REQUIREMENT:
Below are the records; locate each line with the word "points" and copy it.

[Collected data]
== Segment start ==

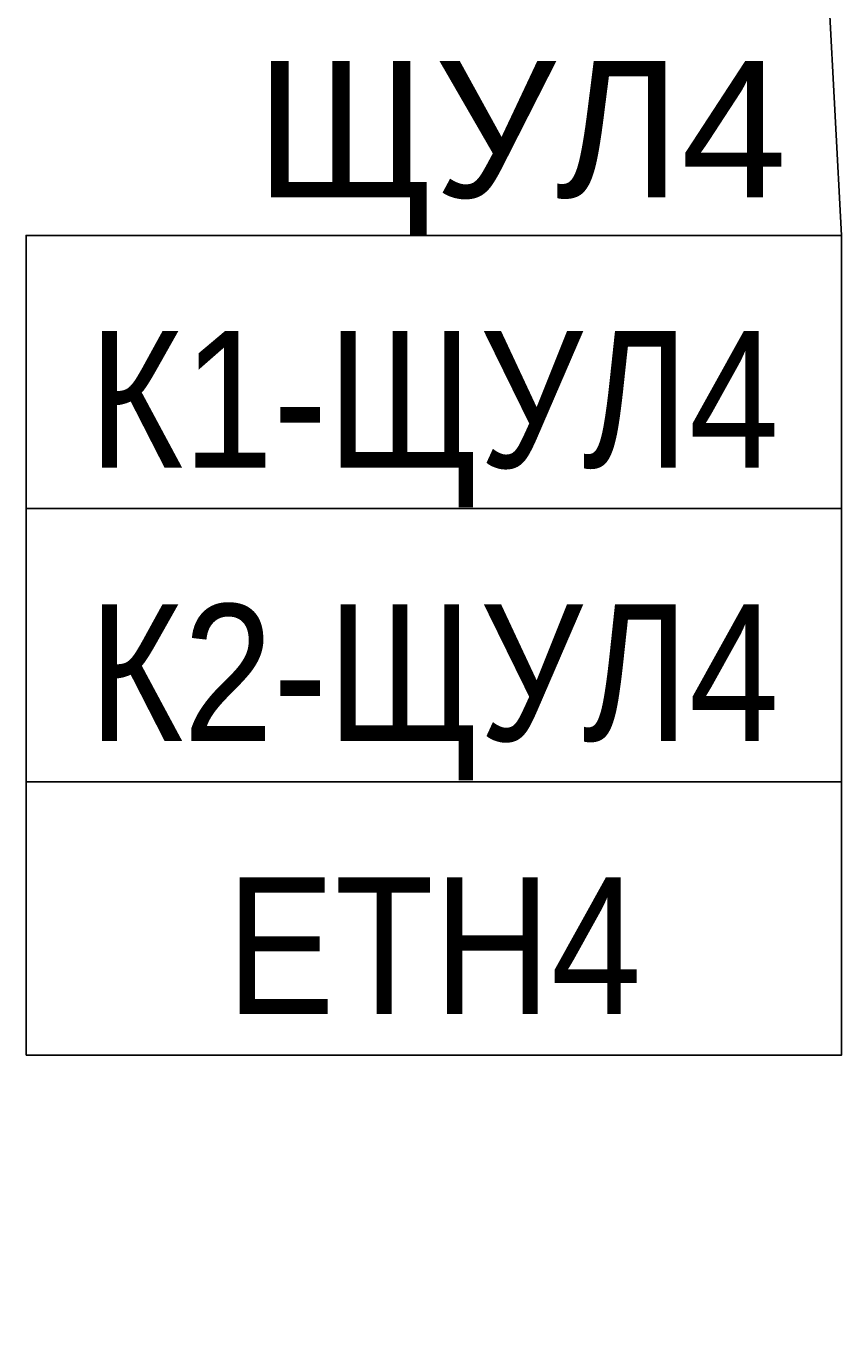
# Model space of a CAD drawing. Header units: millimetres. Extents: x -277772 to 277599, y -59564 to 282085.
# Tile 111 of 190: x -208914 to -207421, y 127889 to 130275. Entities that reach past the tile are written whole.
import ezdxf
from ezdxf import colors
from ezdxf.entities.mleader import LeaderData, LeaderLine
from ezdxf.enums import TextEntityAlignment as Align
from ezdxf.math import Vec2, Vec3

# ---------------------------------------------------------------- set-up
doc = ezdxf.new("R2018")
doc.units = ezdxf.units.MM
doc.set_wipeout_variables(frame=1)
doc.layers.add('КИП_выноска', color=6, linetype='Continuous', lineweight=25)
doc.styles.add('CP.Text', font='arial.ttf')
doc.styles.add('GOST 2.304', font='arial.ttf', dxfattribs={"width": 0.85})

# ---------------------------------------------------------------- blocks, each defined once
blk = doc.blocks.new('*U11')
at = {"color": 0, "linetype": 'Continuous', "lineweight": 30, "ltscale": 75, "width": 0.85, "flags": 104}
blk.add_attdef('ПРИМЕЧАНИЕ_1', text='', height=2.5, dxfattribs=at).set_placement((7.46, 3.611), align=Align.BOTTOM_CENTER)
at = {"color": 0, "lineweight": 30, "width": 0.85, "flags": 104}
blk.add_attdef('ПРИМЕЧАНИЕ_2', text='', height=2.5, dxfattribs=at).set_placement((7.46, -7.53), align=Align.BOTTOM_CENTER)
at = {"color": 0, "lineweight": 30, "style": 'GOST 2.304', "width": 0.85}
for tag, p in [('ИМЯ_КАБЕЛЯ_2', (7.46, -7.5)), ('ИМЯ_КАБЕЛЯ_3', (7.46, -12.5)), ('ИМЯ_КАБЕЛЯ_4', (7.46, -17.5)), ('ИМЯ_КАБЕЛЯ_5', (7.46, -22.5)), ('ИМЯ_КАБЕЛЯ_6', (7.46, -27.5)), ('ИМЯ_КАБЕЛЯ_7', (7.46, -32.5)), ('ИМЯ_КАБЕЛЯ_8', (7.46, -37.5)), ('ИМЯ_КАБЕЛЯ_9', (7.46, -42.5))]:
    blk.add_attdef(tag, text='', height=2.5, dxfattribs=at).set_placement(p, align=Align.BOTTOM_CENTER)
at = {"linetype": 'Continuous'}
blk.add_wipeout([(0, 2.5), (14.919, 2.5), (14.919, -2.5), (0, -2.5)], dxfattribs=at)
at = {"color": 0}
blk.add_line((0, -2.5), (0, 0), dxfattribs=at)
at = {"color": 0, "linetype": 'Continuous'}
blk.add_lwpolyline([(0, -2.5), (14.919, -2.5), (14.919, 2.5), (0, 2.5)], close=True, dxfattribs=at)
at = {"color": 0, "lineweight": 30, "style": 'GOST 2.304', "width": 0.85}
blk.add_attdef('ИМЯ_КАБЕЛЯ_1', text='', height=2.5, dxfattribs=at).set_placement((7.46, -2.5), align=Align.BOTTOM_CENTER)
blk = doc.blocks.new('_None')

msp = doc.modelspace()

# ---------------------------------------------------------------- leaders
at = {"layer": 'КИП_выноска'}
ml = msp.add_multileader_mtext('Standard', dxfattribs=at)
ml.set_content('ЩУЛ4', color=256, style='CP.Text')
ml.set_leader_properties(color=256, linetype='ByLayer', lineweight=-1)
ml.set_arrow_properties(name='NONE')
ml.build(insert=Vec2(0, 0))
ml.multileader.update_dxf_attribs({"has_dogleg": 0, "text_left_attachment_type": 6, "text_right_attachment_type": 6, "dogleg_length": 0.5, "arrow_head_size": 300})
ctx = ml.context
ctx.base_point, ctx.char_height, ctx.arrow_head_size, ctx.landing_gap_size, ctx.plane_origin = Vec3(-208550, 129892.1), 250, 300, 100, Vec3(-206389.7, 127232.2)
ctx.left_attachment, ctx.right_attachment, ctx.text_align_type = 6, 6, 2
notes = []
notes.append((ctx, [(1, (1, 1, 0), (-207421.2, 129892.1), (-1, 0), 0.5, [(0, [(-207524.1, 131816.9)], 0, [])])]))
ctx.mtext.insert, ctx.mtext.width, ctx.mtext.defined_height, ctx.mtext.alignment, ctx.mtext.flow_direction = Vec3(-207521.7, 130211.5), 1195.292, 319.4, 3, 5
ctx.mtext.has_bg_fill, ctx.mtext.bg_color, ctx.mtext.bg_scale_factor, ctx.mtext.bg_transparency, ctx.mtext.use_window_bg_color = 1, -1027028792, 1.5, 0, 1
for ctx, leaders in notes:
    for number, flags, end, landing, length, lines in leaders:
        leader = LeaderData()
        leader.index, (leader.has_last_leader_line, leader.has_dogleg_vector, leader.attachment_direction) = number, flags
        leader.last_leader_point, leader.dogleg_vector, leader.dogleg_length = Vec3(end), Vec3(landing), length
        for number, points, colour, breaks in lines:
            line = LeaderLine()
            line.index, line.vertices, line.color, line.breaks = number, Vec3.list(points), colors.encode_raw_color(colour), breaks
            leader.lines.append(line)
        ctx.leaders.append(leader)

# ---------------------------------------------------------------- next in the draw order: block references
ref = msp.add_blockref('*U11', (-208913.6, 129642.1), dxfattribs=dict(at, xscale=100, yscale=100, zscale=100))
lines = msp.add_mtext('\\W0.8500;', dxfattribs={"layer": '0', "color": 0, "linetype": 'Continuous', "lineweight": 30, "ltscale": 75, "insert": (-208167.6, 130003.1), "char_height": 2.5, "attachment_point": 1})
ref.add_attrib('ПРИМЕЧАНИЕ_1', '', (-208167.6, 130003.1), dxfattribs={"flags": 104}).embed_mtext(lines)
ref.add_attrib('ИМЯ_КАБЕЛЯ_1', 'К1-ЩУЛ4', dxfattribs={"layer": '0', "color": 0, "lineweight": 30, "height": 250, "style": 'GOST 2.304', "width": 0.85}).set_placement((-208167.6, 129392.1), align=Align.BOTTOM_CENTER)
lines = msp.add_mtext('\\W0.8500;', dxfattribs={"layer": '0', "color": 0, "lineweight": 30, "insert": (-208167.6, 128889), "char_height": 2.5, "attachment_point": 1})
ref.add_attrib('ПРИМЕЧАНИЕ_2', '', (-208167.6, 128889), dxfattribs={"flags": 104}).embed_mtext(lines)

# ---------------------------------------------------------------- next in the draw order: block references
ref = msp.add_blockref('*U11', (-208913.6, 129142.1), dxfattribs=dict(at, xscale=100, yscale=100, zscale=100))
lines = msp.add_mtext('\\W0.8500;', dxfattribs={"layer": '0', "color": 0, "linetype": 'Continuous', "lineweight": 30, "ltscale": 75, "insert": (-208167.6, 129503.1), "char_height": 2.5, "attachment_point": 1})
ref.add_attrib('ПРИМЕЧАНИЕ_1', '', (-208167.6, 129503.1), dxfattribs={"flags": 104}).embed_mtext(lines)
ref.add_attrib('ИМЯ_КАБЕЛЯ_1', 'К2-ЩУЛ4', dxfattribs={"layer": '0', "color": 0, "lineweight": 30, "height": 250, "style": 'GOST 2.304', "width": 0.85}).set_placement((-208167.6, 128892.1), align=Align.BOTTOM_CENTER)
lines = msp.add_mtext('\\W0.8500;', dxfattribs={"layer": '0', "color": 0, "lineweight": 30, "insert": (-208167.6, 128389), "char_height": 2.5, "attachment_point": 1})
ref.add_attrib('ПРИМЕЧАНИЕ_2', '', (-208167.6, 128389), dxfattribs={"flags": 104}).embed_mtext(lines)

# ---------------------------------------------------------------- next in the draw order: block references
ref = msp.add_blockref('*U11', (-208913.6, 128642.1), dxfattribs=dict(at, xscale=100, yscale=100, zscale=100))
lines = msp.add_mtext('\\W0.8500;', dxfattribs={"layer": '0', "color": 0, "linetype": 'Continuous', "lineweight": 30, "ltscale": 75, "insert": (-208167.6, 129003.1), "char_height": 2.5, "attachment_point": 1})
ref.add_attrib('ПРИМЕЧАНИЕ_1', '', (-208167.6, 129003.1), dxfattribs={"flags": 104}).embed_mtext(lines)
ref.add_attrib('ИМЯ_КАБЕЛЯ_1', 'ETH4', dxfattribs={"layer": '0', "color": 0, "lineweight": 30, "height": 250, "style": 'GOST 2.304', "width": 0.85}).set_placement((-208167.6, 128392.1), align=Align.BOTTOM_CENTER)
lines = msp.add_mtext('\\W0.8500;', dxfattribs={"layer": '0', "color": 0, "lineweight": 30, "insert": (-208167.6, 127889), "char_height": 2.5, "attachment_point": 1})
ref.add_attrib('ПРИМЕЧАНИЕ_2', '', (-208167.6, 127889), dxfattribs={"flags": 104}).embed_mtext(lines)

doc.saveas('drawing.dxf')

== Segment end ==

EXERCISE RESPONSE:
        for number, points, colour, breaks in lines:
            line.index, line.vertices, line.color, line.breaks = number, Vec3.list(points), colors.encode_raw_color(colour), breaks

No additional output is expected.